Black-headed Gulls adults


Head patterns

Head patterns of adults are quite variable over the winter. Here we are getting the double headphones pattern.


Same bird, head turned partly towards us with both headphones still visible.



This is the same bird again, this time looking more directly in our direction. The first headphone is quite clear, the second is now on the reverse slope of the skull, except for both its lower ends.


The beak colour here is as in Ohlsen and Larsson, going towards the "concolorous maroon" of the breeding season as discussed below.

It is worth remembering that the moult into breeding plumage is only partial - relating to head and body only. The bird has to rely on the wing and tail feathers formed the previous summer for its successful performance during the breeding season.

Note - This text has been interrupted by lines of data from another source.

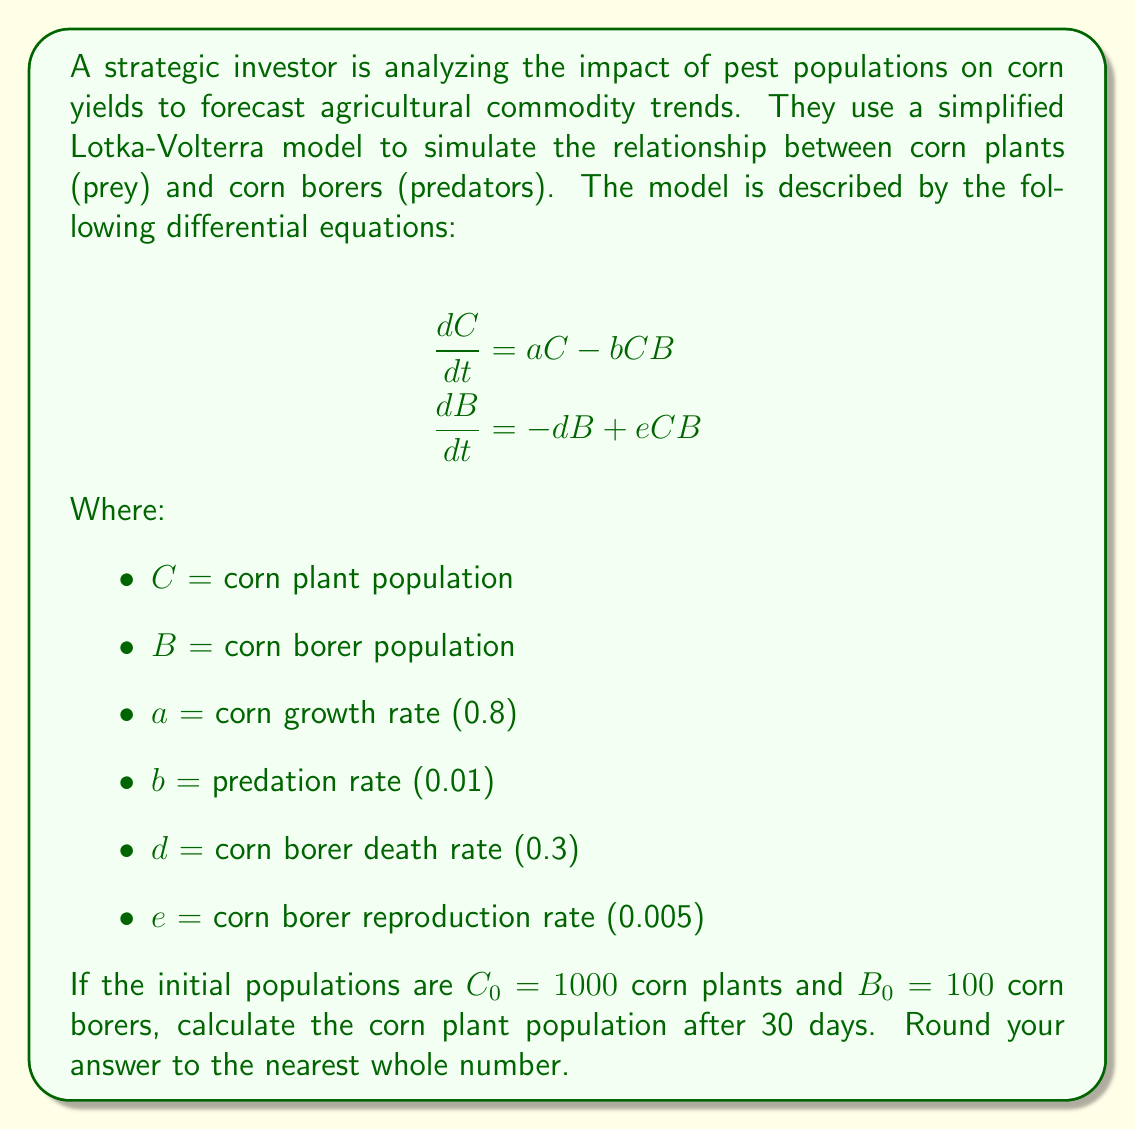Can you solve this math problem? To solve this problem, we need to use numerical methods to approximate the solution of the system of differential equations. We'll use the Euler method with a small time step to estimate the population changes.

1. Set up the Euler method:
   Let's use a time step of $\Delta t = 0.1$ days. We need to iterate 300 times to cover 30 days.

2. Define the update equations:
   $$C_{n+1} = C_n + (aC_n - bC_nB_n)\Delta t$$
   $$B_{n+1} = B_n + (-dB_n + eC_nB_n)\Delta t$$

3. Initialize variables:
   $C_0 = 1000$, $B_0 = 100$, $a = 0.8$, $b = 0.01$, $d = 0.3$, $e = 0.005$, $\Delta t = 0.1$

4. Implement the Euler method:
   For $n = 0$ to $299$:
   $$C_{n+1} = C_n + (0.8C_n - 0.01C_nB_n) \cdot 0.1$$
   $$B_{n+1} = B_n + (-0.3B_n + 0.005C_nB_n) \cdot 0.1$$

5. Iterate through the steps:
   (Showing only a few steps for brevity)
   Step 0: $C_0 = 1000$, $B_0 = 100$
   Step 1: $C_1 = 1079.0$, $B_1 = 97.0$
   Step 2: $C_2 = 1163.3$, $B_2 = 94.2$
   ...
   Step 300: $C_{300} = 1629.7$, $B_{300} = 162.9$

6. Round the final corn plant population to the nearest whole number:
   $1629.7 \approx 1630$
Answer: 1630 corn plants

"Those individuals who moult their hood early apparently do so every year. What is interesting though is that their moult takes place over a much longer period of time than for those individuals who acquire their full hood during the regular moult stage. Those who have a normal moult do so very quickly, up to 10 – 15% a day. This means that a full hood can be acquired in around a week. The individuals that I have seen with early head moult (see examples below) took weeks before their hood was anywhere near completion." from the excellent "Gulls to the horizon" blog.

Beak colours

The beak colour seems to be generally orange in younger birds, ranging from yellow-orange to a more reddish-orange, and always with something of a dark tip (see non-adults page). In adults the beak colours seem to vary, being a bright to moderate red in late summer through to mid-winter, and then darkening to a dark blood red (maroon) as breeding approaches, often getting as dark as the dark tip of the bill, which itself slightly lightens until the beak can be described as "concolorous maroon". However in the mid-autumn it is often really quite a bright red, perhaps much more highly coloured than the winter mid-red. This could admittedly be an effect of higher light intensities.

This is a bird in mid-autumn seen at Barden in late October 2013, showing the moderately bright red colour to the bill:


This is a bird seen near Saint George in January 2014, and you can see how the tip is getting browner from the original black.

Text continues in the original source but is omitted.